[Pipet Devel] Data Storage Interfaces

Mon Jun 14 15:16:34 EDT 1999

justin at ukans.edu said:
> That's a good point.  We haven't considered slow networks or very
> large files.

> I have, and that's my problem with  1) how Paos passes objects -- it
> sends the whole thing. I would prefer
>    just sending updates. Breaking up the data into linked objects
> could be
>    an adequate compromise. 

Paos makes me nervous too. It looks complex, and I can't see what it buys us 
over CORBA. Orbit is already a standard part of gnome, and we may as well 
leverage as much as we can from other efforts.

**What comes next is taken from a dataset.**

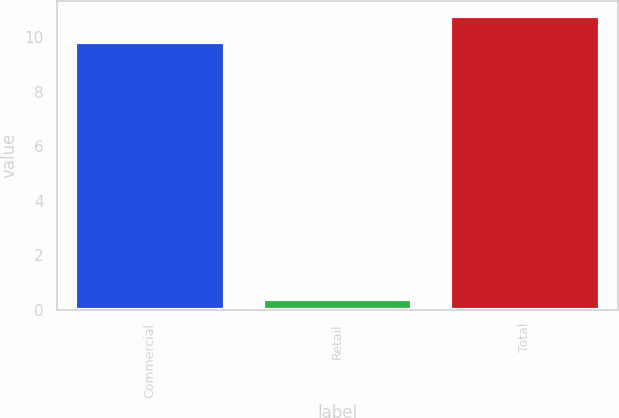Convert chart. <chart><loc_0><loc_0><loc_500><loc_500><bar_chart><fcel>Commercial<fcel>Retail<fcel>Total<nl><fcel>9.8<fcel>0.4<fcel>10.78<nl></chart> 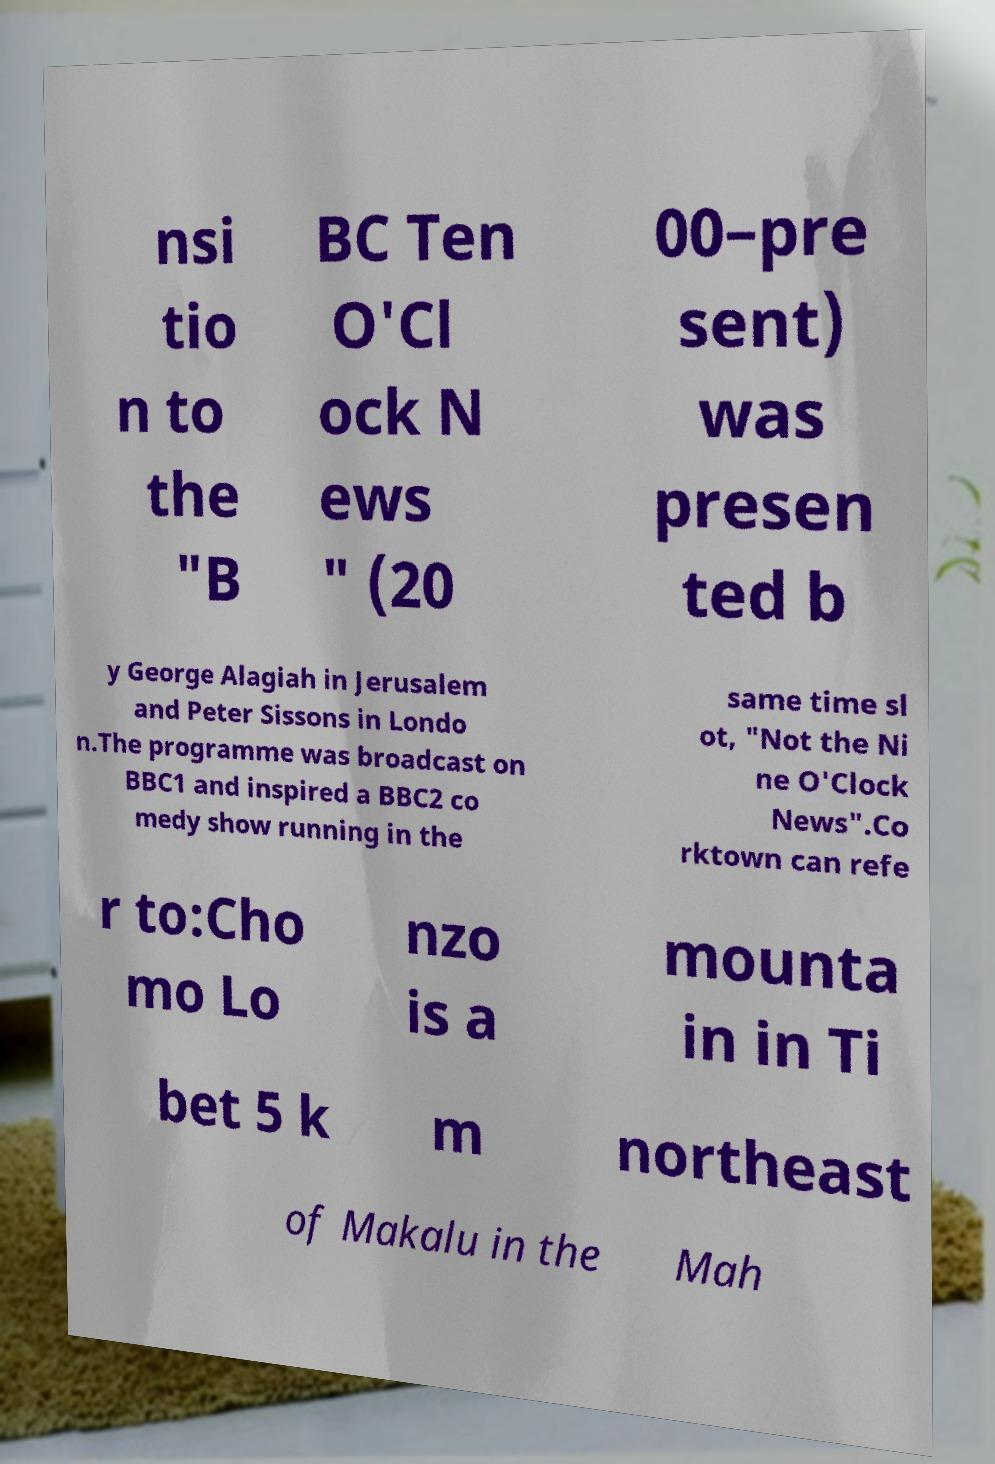Could you assist in decoding the text presented in this image and type it out clearly? nsi tio n to the "B BC Ten O'Cl ock N ews " (20 00–pre sent) was presen ted b y George Alagiah in Jerusalem and Peter Sissons in Londo n.The programme was broadcast on BBC1 and inspired a BBC2 co medy show running in the same time sl ot, "Not the Ni ne O'Clock News".Co rktown can refe r to:Cho mo Lo nzo is a mounta in in Ti bet 5 k m northeast of Makalu in the Mah

> 2) the independently roaming object concept
> where it's passed directly
>    from tool to tool. Without a "home" everything has to be passed,
> and by
>    the end of a complex series, that could be a large object. 

> I'm beginning to think the optimal solution is a virtual interface (or
> set of optional interface) across all junctions. It's the most
> efficient (only what the receiving end wants is sent [and only the
> receiving end really knows what it wants]).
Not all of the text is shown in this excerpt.